• **SOURCE DATA**

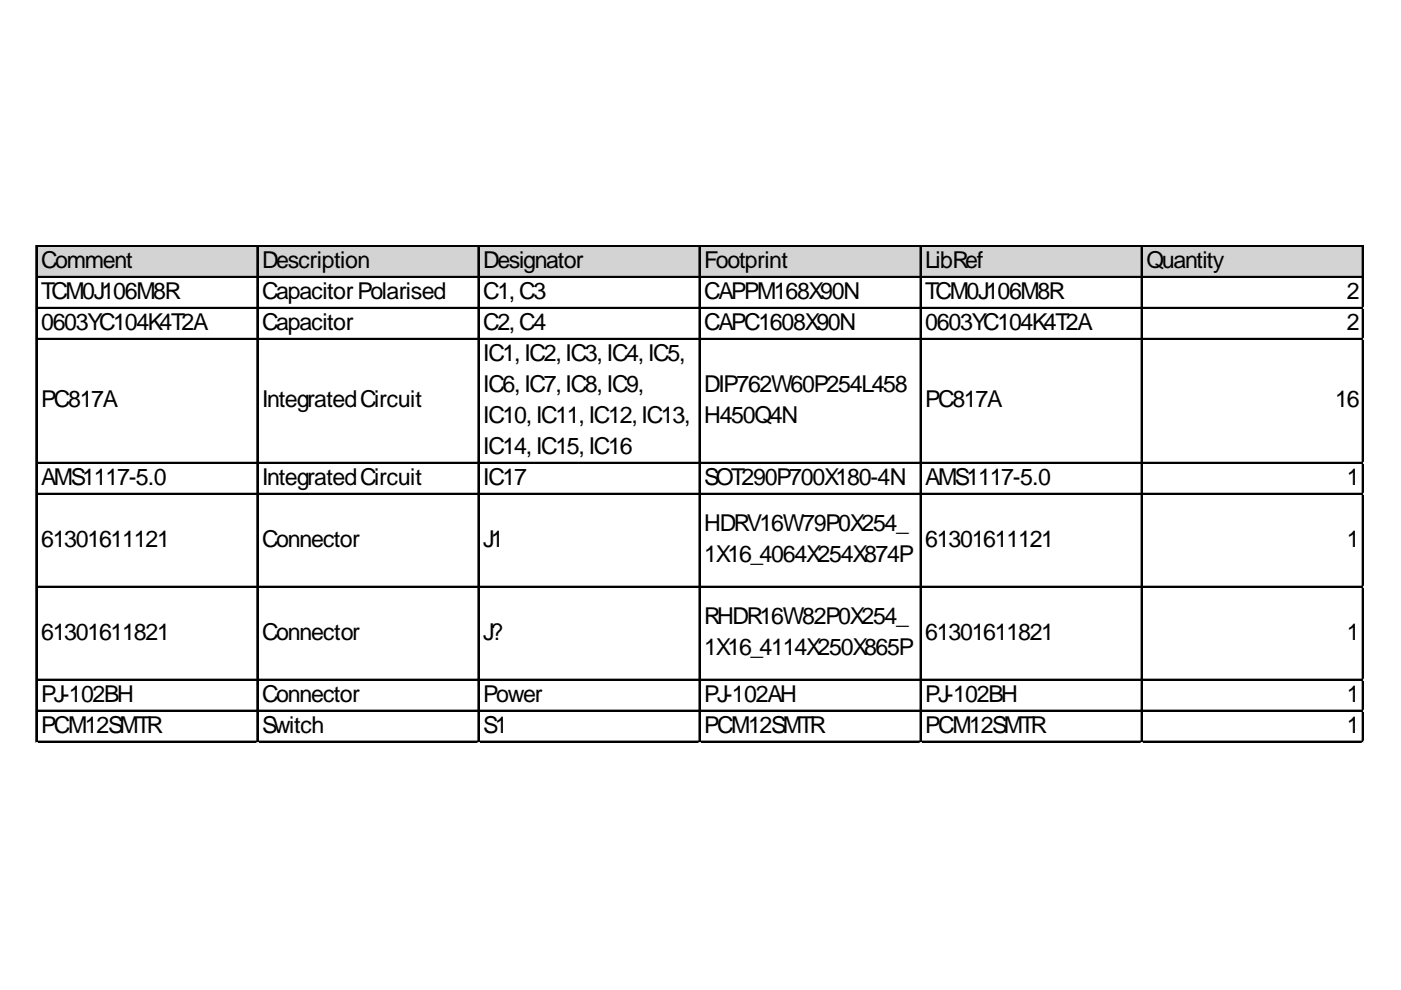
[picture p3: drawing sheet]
<svg xmlns="http://www.w3.org/2000/svg" width="297mm" height="210mm" viewBox="0 0 297 210" stroke-linecap="round" stroke-linejoin="round" font-family="sans-serif">
<defs><g id="words">
<g font-size="4.9">
<text x="8.7" y="56.8">Comment</text>
<text x="55.6" y="56.8">Description</text>
<text x="102.4" y="56.8">Designator</text>
<text x="149.3" y="56.8">Footprint</text>
<text x="196.2" y="56.8">LibRef</text>
<text x="243.1" y="56.8">Quantity</text>
<text x="8.7" y="63.4">TCM0J106M8R</text>
<text x="55.6" y="63.4">CapacitorPolarised</text>
<text x="102.4" y="63.4">C1,C3</text>
<text x="149.3" y="63.4">CAPPM168X90N</text>
<text x="196.2" y="63.4">TCM0J106M8R</text>
<text x="285.5" y="63.4">2</text>
<text x="8.7" y="69.9">0603YC104K4T2A</text>
<text x="55.6" y="69.9">Capacitor</text>
<text x="102.4" y="69.9">C2,C4</text>
<text x="149.3" y="69.9">CAPC1608X90N</text>
<text x="196.2" y="69.9">0603YC104K4T2A</text>
<text x="285.5" y="69.9">2</text>
<text x="102.4" y="76.5">IC1,IC2,IC3,IC4,IC5,</text>
<text x="102.4" y="83.1">IC6,IC7,IC8,IC9,</text>
<text x="149.3" y="83.1">DIP762W60P254L458</text>
<text x="8.7" y="86.3">PC817A</text>
<text x="55.6" y="86.3">IntegratedCircuit</text>
<text x="102.4" y="89.6">IC10,IC11,IC12,IC13,</text>
<text x="149.3" y="89.6">H450Q4N</text>
<text x="196.2" y="86.3">PC817A</text>
<text x="283.1" y="86.3">16</text>
<text x="102.4" y="96.2">IC14,IC15,IC16</text>
<text x="8.7" y="102.8">AMS1117-5.0</text>
<text x="55.6" y="102.8">IntegratedCircuit</text>
<text x="102.4" y="102.8">IC17</text>
<text x="149.3" y="102.8">SOT290P700X180-4N</text>
<text x="196.2" y="102.8">AMS1117-5.0</text>
<text x="285.5" y="102.8">1</text>
<text x="149.3" y="112.6">HDRV16W79P0X254_</text>
<text x="8.7" y="115.9">61301611121</text>
<text x="55.6" y="115.9">Connector</text>
<text x="102.4" y="115.9">J1</text>
<text x="149.3" y="119.2">1X16_4064X254X874P</text>
<text x="196.2" y="115.9">61301611121</text>
<text x="285.5" y="115.9">1</text>
<text x="8.7" y="135.6">61301611821</text>
<text x="55.6" y="135.6">Connector</text>
<text x="102.4" y="135.6">J?</text>
<text x="149.3" y="132.3">RHDR16W82P0X254_</text>
<text x="196.2" y="135.6">61301611821</text>
<text x="285.5" y="135.6">1</text>
<text x="149.3" y="138.9">1X16_4114X250X865P</text>
<text x="8.7" y="148.8">PJ-102BH</text>
<text x="55.6" y="148.8">Connector</text>
<text x="102.4" y="148.8">Power</text>
<text x="149.3" y="148.8">PJ-102AH</text>
<text x="196.2" y="148.8">PJ-102BH</text>
<text x="285.5" y="148.8">1</text>
<text x="8.7" y="155.3">PCM12SMTR</text>
<text x="55.6" y="155.3">Switch</text>
<text x="102.4" y="155.3">S1</text>
<text x="149.3" y="155.3">PCM12SMTR</text>
<text x="196.2" y="155.3">PCM12SMTR</text>
<text x="285.5" y="155.3">1</text>
</g>
</g></defs>
<path d="M7.8 52.3h281.4v6.6h-281.4z" fill="#d3d3d3"/>
<g fill="none" stroke="#000" stroke-width=".27">
<path d="M7.6 52.1v105.3M7.7 52.1v105.3M7.9 52.1h281.2M7.9 52.2h281.2M7.9 58.6h281.2M7.9 58.8h281.2M54.5 52.3v105.1M54.6 52.3v105.1M101.4 52.3v105.1M101.5 52.3v105.1M148.2 52.3v105.1M148.4 52.3v105.1"/>
<path d="M195.1 52.3v105.1M195.2 52.3v105.1M242 52.3v105.1M242.1 52.3v105.1M288.8 52.3v105.1M289 52.3v105.1M7.9 65.2h281.2M7.9 65.3h281.2M7.9 71.8h281.2M7.9 71.9h281.2M7.9 98h281.2M7.9 98.2h281.2"/>
<path d="M7.9 104.6h281.2M7.9 104.7h281.2M7.9 124.3h281.2M7.9 124.5h281.2M7.9 144h281.2M7.9 144.2h281.2M7.9 150.6h281.2M7.9 150.7h281.2M7.9 157.2h281.2M7.9 157.3h281.2"/>
</g>
<path d="M7.6 157.4v.1" fill="none" stroke="#e0e0e0" stroke-width=".27"/>
<path d="M7.6 157.4l.3 .1z" fill="#e0e0e0"/>
<path d="M54.5 157.4v.1" fill="none" stroke="#e0e0e0" stroke-width=".27"/>
<path d="M54.5 157.4l.3 .1z" fill="#e0e0e0"/>
<path d="M101.4 157.4v.1" fill="none" stroke="#e0e0e0" stroke-width=".27"/>
<path d="M101.4 157.4l.2 .1z" fill="#e0e0e0"/>
<path d="M148.2 157.4v.1" fill="none" stroke="#e0e0e0" stroke-width=".27"/>
<path d="M148.2 157.4l.3 .1z" fill="#e0e0e0"/>
<path d="M195.1 157.4v.1" fill="none" stroke="#e0e0e0" stroke-width=".27"/>
<path d="M195.1 157.4l.3 .1z" fill="#e0e0e0"/>
<path d="M242 157.4v.1" fill="none" stroke="#e0e0e0" stroke-width=".27"/>
<path d="M242 157.4l.2 .1z" fill="#e0e0e0"/>
<path d="M288.8 157.4v.1" fill="none" stroke="#e0e0e0" stroke-width=".27"/>
<path d="M288.8 157.4l.3 .1z" fill="#e0e0e0"/>
<path d="M289.1 65.2h.1" fill="none" stroke="#e0e0e0" stroke-width=".27"/>
<path d="M289.1 65.2l.1 .3z" fill="#e0e0e0"/>
<path d="M289.1 71.8h.1" fill="none" stroke="#e0e0e0" stroke-width=".27"/>
<path d="M289.1 71.8l.1 .2z" fill="#e0e0e0"/>
<path d="M289.1 98h.1" fill="none" stroke="#e0e0e0" stroke-width=".27"/>
<path d="M289.1 98l.1 .3z" fill="#e0e0e0"/>
<path d="M289.1 104.6h.1" fill="none" stroke="#e0e0e0" stroke-width=".27"/>
<path d="M289.1 104.6l.1 .3z" fill="#e0e0e0"/>
<path d="M289.1 124.3h.1" fill="none" stroke="#e0e0e0" stroke-width=".27"/>
<path d="M289.1 124.3l.1 .3z" fill="#e0e0e0"/>
<path d="M289.1 144h.1" fill="none" stroke="#e0e0e0" stroke-width=".27"/>
<path d="M289.1 144l.1 .3z" fill="#e0e0e0"/>
<path d="M289.1 150.6h.1" fill="none" stroke="#e0e0e0" stroke-width=".27"/>
<path d="M289.1 150.6l.1 .3z" fill="#e0e0e0"/>
<path d="M289.1 157.2h.1" fill="none" stroke="#e0e0e0" stroke-width=".27"/>
<path d="M289.1 157.2l.1 .2z" fill="#e0e0e0"/>
<use href="#words"/>
</svg>

• **TO DO**
Identify the lines of the data that contain the word "IntegratedCircuit". Copy each of them.

• **COMPLETED EXERCISE**
<text x="55.6" y="86.3">IntegratedCircuit</text>
<text x="55.6" y="102.8">IntegratedCircuit</text>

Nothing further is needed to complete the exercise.